Given information →
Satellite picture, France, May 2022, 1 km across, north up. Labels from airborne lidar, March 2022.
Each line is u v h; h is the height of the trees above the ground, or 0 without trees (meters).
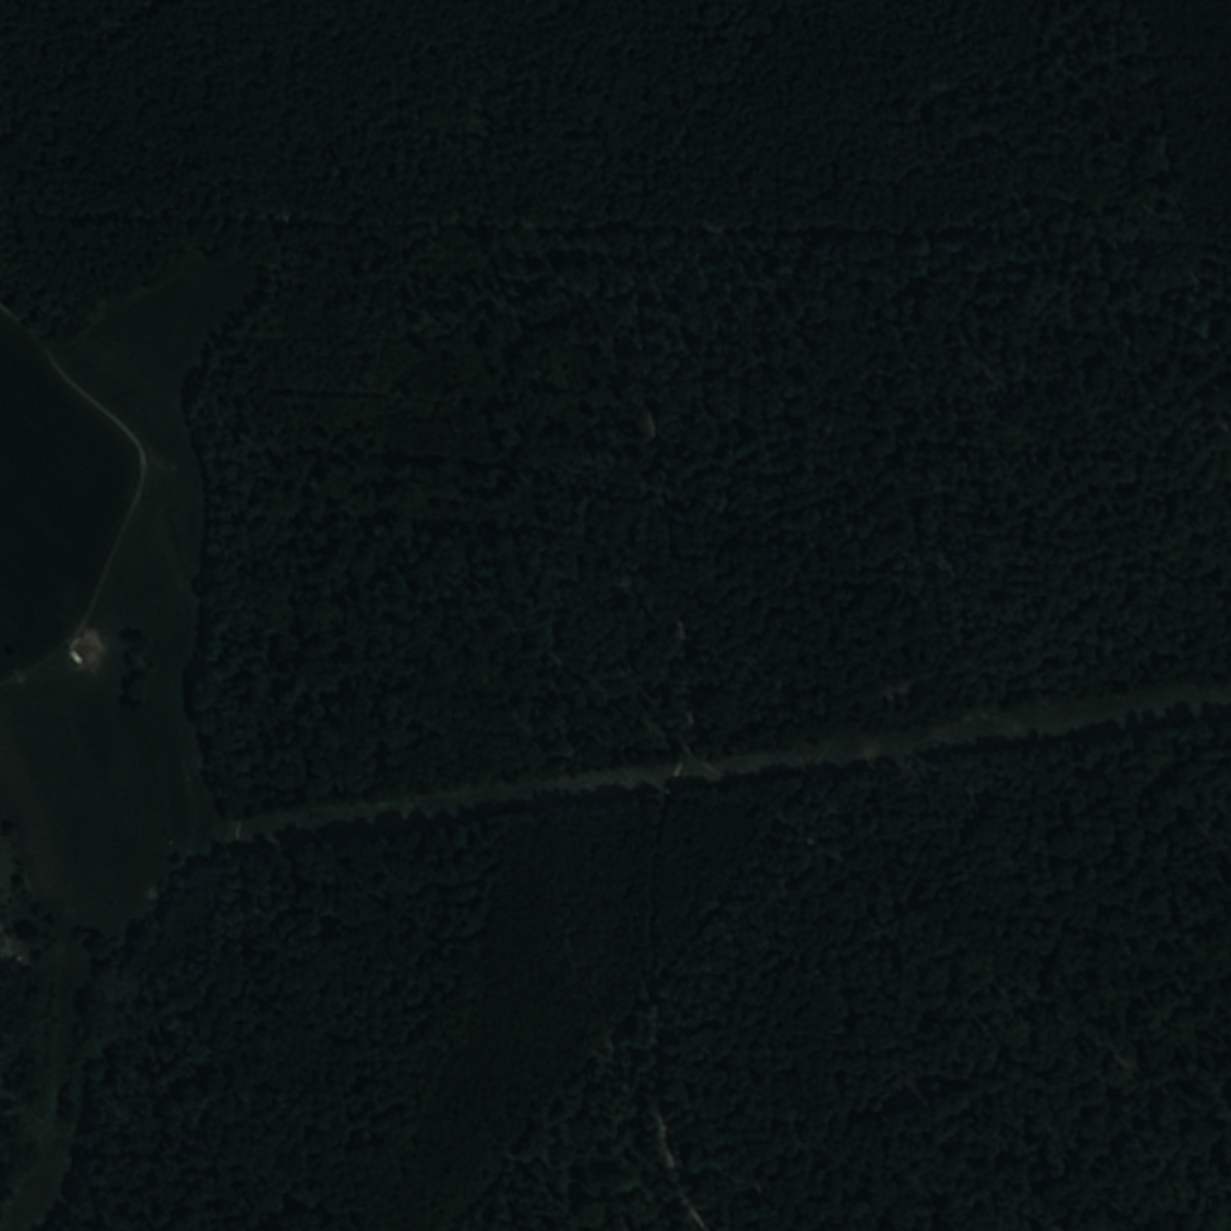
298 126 23
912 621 29
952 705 21
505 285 30
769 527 31
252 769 27
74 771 0
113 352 0
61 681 0
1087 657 30
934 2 20
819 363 31
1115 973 33
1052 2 24
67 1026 0
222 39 24
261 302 16
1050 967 34
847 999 30
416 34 21
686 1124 30
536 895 19
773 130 22
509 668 25
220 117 24
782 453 28
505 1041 16
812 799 28
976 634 28
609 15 23
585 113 23
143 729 0
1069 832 31
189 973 28
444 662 30
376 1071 29
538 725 26
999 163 22
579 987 20
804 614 32
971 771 21
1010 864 26
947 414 23
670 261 27
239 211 17
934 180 22
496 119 17
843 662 31
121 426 0
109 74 25
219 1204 31
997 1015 36
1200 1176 34
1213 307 28
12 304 19
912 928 33
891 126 21
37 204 25
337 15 22
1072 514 32
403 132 22
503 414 27
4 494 0
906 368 27
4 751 0
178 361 0
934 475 27
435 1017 31
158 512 0
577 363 7
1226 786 35
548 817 18
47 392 0
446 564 35
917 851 26
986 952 31
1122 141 26
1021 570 27
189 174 23
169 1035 28
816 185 21
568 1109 26
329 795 30
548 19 21
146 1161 29
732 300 32
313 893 31
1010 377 23
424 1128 19
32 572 0
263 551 27
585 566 32
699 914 13
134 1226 30
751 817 13
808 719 28
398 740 31
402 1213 21
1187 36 20
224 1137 32
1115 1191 34
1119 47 30
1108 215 23
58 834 0
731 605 30
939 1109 32
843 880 31
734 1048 27
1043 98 15
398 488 29
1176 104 17
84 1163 27
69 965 0
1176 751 33
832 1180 31
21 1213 0
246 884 28
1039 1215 38
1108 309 32
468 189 26
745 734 25
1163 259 27
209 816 0
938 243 29
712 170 21
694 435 31
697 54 23
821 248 27
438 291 30
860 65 23
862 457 23
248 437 29
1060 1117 33
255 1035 36
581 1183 27
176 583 0
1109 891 33
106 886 0
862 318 31
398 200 24
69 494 0
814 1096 30
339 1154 32
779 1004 25
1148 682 28
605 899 19
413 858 29
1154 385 33
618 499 31
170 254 21
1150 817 32
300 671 34
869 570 29
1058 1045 37
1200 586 33
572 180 22
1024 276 37
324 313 13
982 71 11
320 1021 31
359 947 34
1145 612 33
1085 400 34
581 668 28
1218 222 17
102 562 0
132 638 17
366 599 34
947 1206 33
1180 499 30
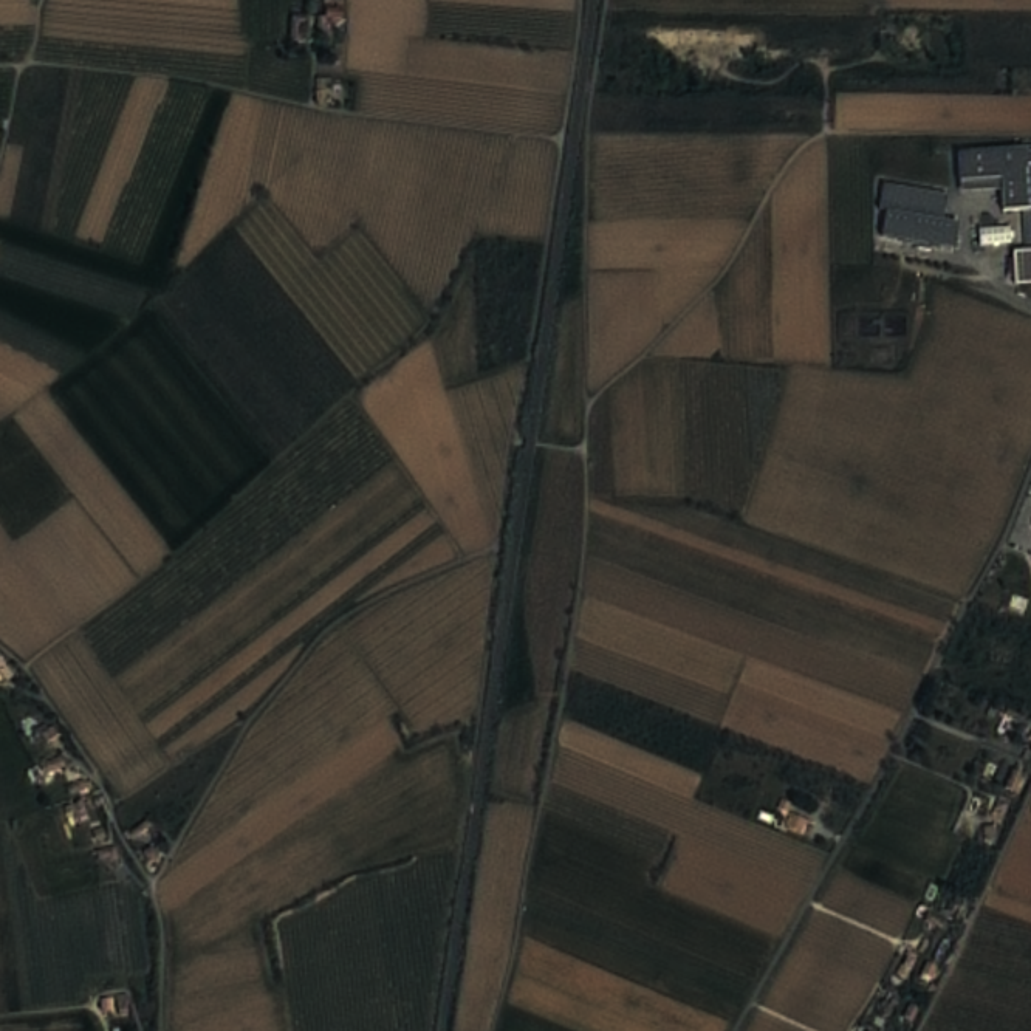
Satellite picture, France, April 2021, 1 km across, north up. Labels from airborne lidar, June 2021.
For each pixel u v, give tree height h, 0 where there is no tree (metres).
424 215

Task brief → Pictures aside, repeat every entry exactly as written.

Written reply →
Satellite picture, France, May 2022, 1 km across, north up. Labels from airborne lidar, March 2022.
Each line is u v h; h is the height of the trees above the ground, or 0 without trees (meters).
298 126 23
912 621 29
952 705 21
505 285 30
769 527 31
252 769 27
74 771 0
113 352 0
61 681 0
1087 657 30
934 2 20
819 363 31
1115 973 33
1052 2 24
67 1026 0
222 39 24
261 302 16
1050 967 34
847 999 30
416 34 21
686 1124 30
536 895 19
773 130 22
509 668 25
220 117 24
782 453 28
505 1041 16
812 799 28
976 634 28
609 15 23
585 113 23
143 729 0
1069 832 31
189 973 28
444 662 30
376 1071 29
538 725 26
999 163 22
579 987 20
804 614 32
971 771 21
1010 864 26
947 414 23
670 261 27
239 211 17
934 180 22
496 119 17
843 662 31
121 426 0
109 74 25
219 1204 31
997 1015 36
1200 1176 34
1213 307 28
12 304 19
912 928 33
891 126 21
37 204 25
337 15 22
1072 514 32
403 132 22
503 414 27
4 494 0
906 368 27
4 751 0
178 361 0
934 475 27
435 1017 31
158 512 0
577 363 7
1226 786 35
548 817 18
47 392 0
446 564 35
917 851 26
986 952 31
1122 141 26
1021 570 27
189 174 23
169 1035 28
816 185 21
568 1109 26
329 795 30
548 19 21
146 1161 29
732 300 32
313 893 31
1010 377 23
424 1128 19
32 572 0
263 551 27
585 566 32
699 914 13
134 1226 30
751 817 13
808 719 28
398 740 31
402 1213 21
1187 36 20
224 1137 32
1115 1191 34
1119 47 30
1108 215 23
58 834 0
731 605 30
939 1109 32
843 880 31
734 1048 27
1043 98 15
398 488 29
1176 104 17
84 1163 27
69 965 0
1176 751 33
832 1180 31
21 1213 0
246 884 28
1039 1215 38
1108 309 32
468 189 26
745 734 25
1163 259 27
209 816 0
938 243 29
712 170 21
694 435 31
697 54 23
821 248 27
438 291 30
860 65 23
862 457 23
248 437 29
1060 1117 33
255 1035 36
581 1183 27
176 583 0
1109 891 33
106 886 0
862 318 31
398 200 24
69 494 0
814 1096 30
339 1154 32
779 1004 25
1148 682 28
605 899 19
413 858 29
1154 385 33
618 499 31
170 254 21
1150 817 32
300 671 34
869 570 29
1058 1045 37
1200 586 33
572 180 22
1024 276 37
324 313 13
982 71 11
320 1021 31
359 947 34
1145 612 33
1085 400 34
581 668 28
1218 222 17
102 562 0
132 638 17
366 599 34
947 1206 33
1180 499 30
Satellite picture, France, April 2021, 1 km across, north up. Labels from airborne lidar, June 2021.
For each pixel u v, give tree height h, 0 where there is no tree (metres).
424 215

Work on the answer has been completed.